Tiling Separable Convolution in CUDA

本文探讨了在CUDA环境下使用Tiling技术优化分离卷积的性能。通过合理选择块大小,可以显著提高缓存命中率和SMP利用率,从而提升GPU上的图像处理速度。实验结果显示,适当大小的块能有效避免缓存频繁刷新,同时保持较高的SMP占用率。

摘要生成于 C知道 ,由 DeepSeek-R1 满血版支持, 前往体验 >

※ The code of this post is available in here.

When we are doing image processing on a GPU, one of the key idea is 'Tiling'. Tiling cuts the image into small rectangles, and tackle those rectangles one by one. It helps to localize the data and improve the cache hit rate. This article discuss how to use it to improve the performance of separable convolution in CUDA.

tiling.png

Concept of Tiling

For CPU, tiling is also called loop-nest optimization. In some problems -e,g the image rotation, tiling is able to limit the memory accessing bound in a region, it avoids the cache being flushed frequently.
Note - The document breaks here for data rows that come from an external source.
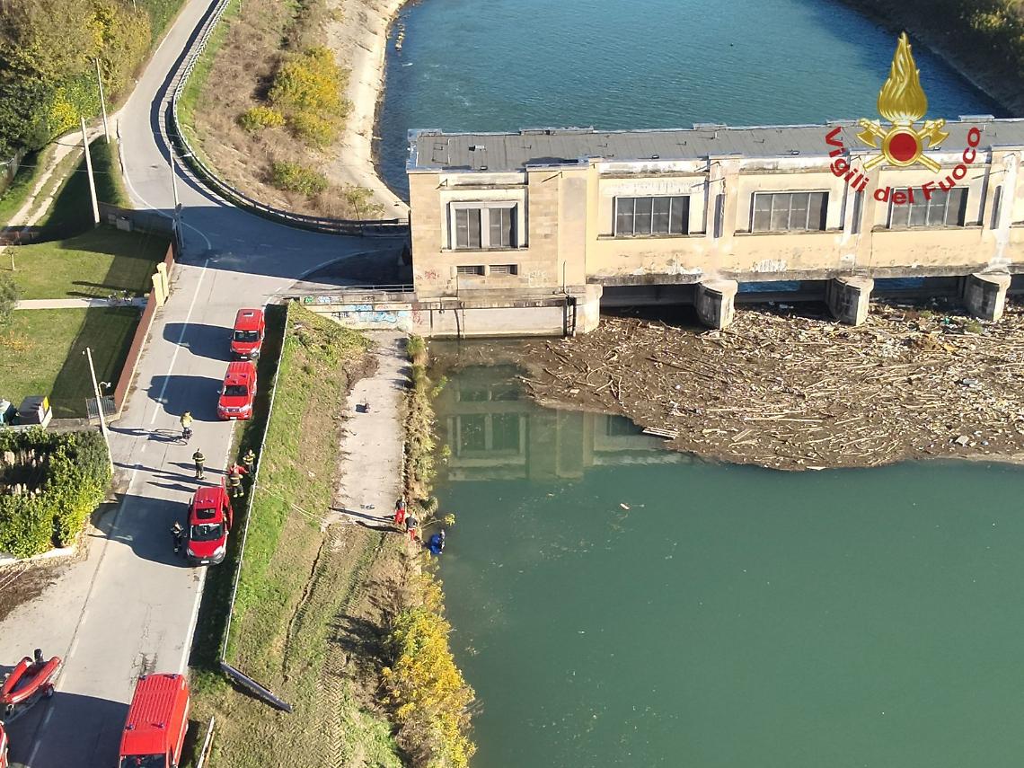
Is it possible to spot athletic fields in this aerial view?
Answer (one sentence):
No, I can see no athletic field in this picture.
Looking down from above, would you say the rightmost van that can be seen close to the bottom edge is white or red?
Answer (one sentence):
In this view, the rightmost van that can be seen close to the bottom edge is red.
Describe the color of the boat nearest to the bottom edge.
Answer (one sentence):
In this view, the boat nearest to the bottom edge is red.
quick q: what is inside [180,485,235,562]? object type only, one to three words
car
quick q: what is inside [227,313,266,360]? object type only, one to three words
van
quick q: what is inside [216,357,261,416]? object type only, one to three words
truck
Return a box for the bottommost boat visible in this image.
[0,648,69,711]
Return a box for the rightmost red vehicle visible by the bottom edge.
[118,669,195,768]
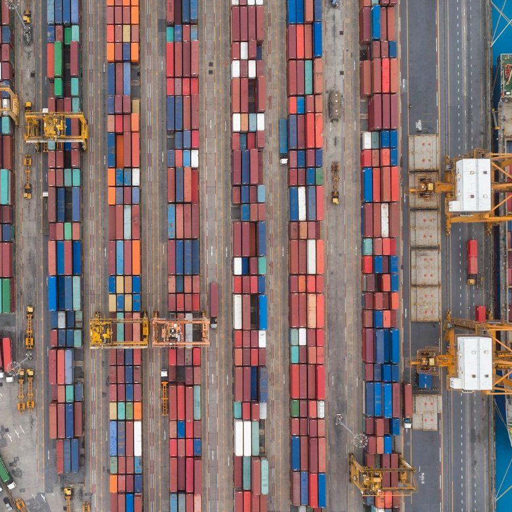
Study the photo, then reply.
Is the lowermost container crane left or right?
right
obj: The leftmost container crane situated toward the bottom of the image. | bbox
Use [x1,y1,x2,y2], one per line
[88,309,152,350]
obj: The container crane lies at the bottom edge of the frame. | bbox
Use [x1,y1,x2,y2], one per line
[351,449,424,499]
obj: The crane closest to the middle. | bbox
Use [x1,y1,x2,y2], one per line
[152,309,212,350]

For GPU, it is much natural : because GPU is matrix machine essentially : A NVIDIA's  streaming multiprocessors (SMP) contains dozen to hundred of cores, and a GPU has several to dozen of SMPs. Therefore, tiling the data is actually to allocate the work to each SMP.

Tiling on GPU

In most GPU cases, tiling strategy affects the performance mightily. As CPU, a good tiling could increase the cache hit rate. Cache missing, means the data need to be loaded from memory instead of from cache, and the memory accessing, called memory latency, is much slower the arithmetic operations, bring the low performance;  The tile size not only affects cache hit rate,  also influences the SMP usage rate (NVIDIA uses the term "achieved occupancy"). Only in the very simple cases, for example, the vector arithmetic, are little affected by the selection of tile size.
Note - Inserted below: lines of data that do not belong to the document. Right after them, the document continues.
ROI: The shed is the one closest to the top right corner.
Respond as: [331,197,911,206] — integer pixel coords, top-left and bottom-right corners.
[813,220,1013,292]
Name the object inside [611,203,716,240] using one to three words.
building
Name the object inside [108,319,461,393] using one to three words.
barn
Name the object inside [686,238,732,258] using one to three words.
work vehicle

In NVIDIA Pascal architecture, a SMP is able to run 2048 active threads at one time. Those threads will be allocated to each warp, which comprises 32 lines. CUDA launches SMP in unit of warp,  if the thread number in x-dimension is not an integer multiple of 32, it still need an entire warp to run the remainder - even there is only one thread. Based on this reason, the block size should be as a multiple of 32 as possible.
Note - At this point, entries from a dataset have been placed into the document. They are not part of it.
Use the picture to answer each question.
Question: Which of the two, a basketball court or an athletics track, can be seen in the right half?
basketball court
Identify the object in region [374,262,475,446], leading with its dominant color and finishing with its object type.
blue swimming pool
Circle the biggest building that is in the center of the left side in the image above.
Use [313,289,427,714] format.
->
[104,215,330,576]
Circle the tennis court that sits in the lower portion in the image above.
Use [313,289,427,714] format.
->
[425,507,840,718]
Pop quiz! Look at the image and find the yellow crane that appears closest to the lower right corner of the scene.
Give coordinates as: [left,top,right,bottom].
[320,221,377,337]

The tiling strategy depends the procedure. If the procedure is pure row-accessing (horizontal), it may be an excellent choice for the block size being (1024, 1); But if the procedure involves column-accessing (vertical), the horizontal 1D block size may not be a good choice, since the block shape would make some lines in the warps idle. We will see how block shape affects the performance.

Separable Convolution

Separable convolution is a very important concept in image processing or machine learning. If the kernel matrix is product of the 2 vectors, the convolution could be reduced as two of 1D convolution, which reduce an O(N^2) operation to 2*O(N).  More detail about separable convolution please refer to here.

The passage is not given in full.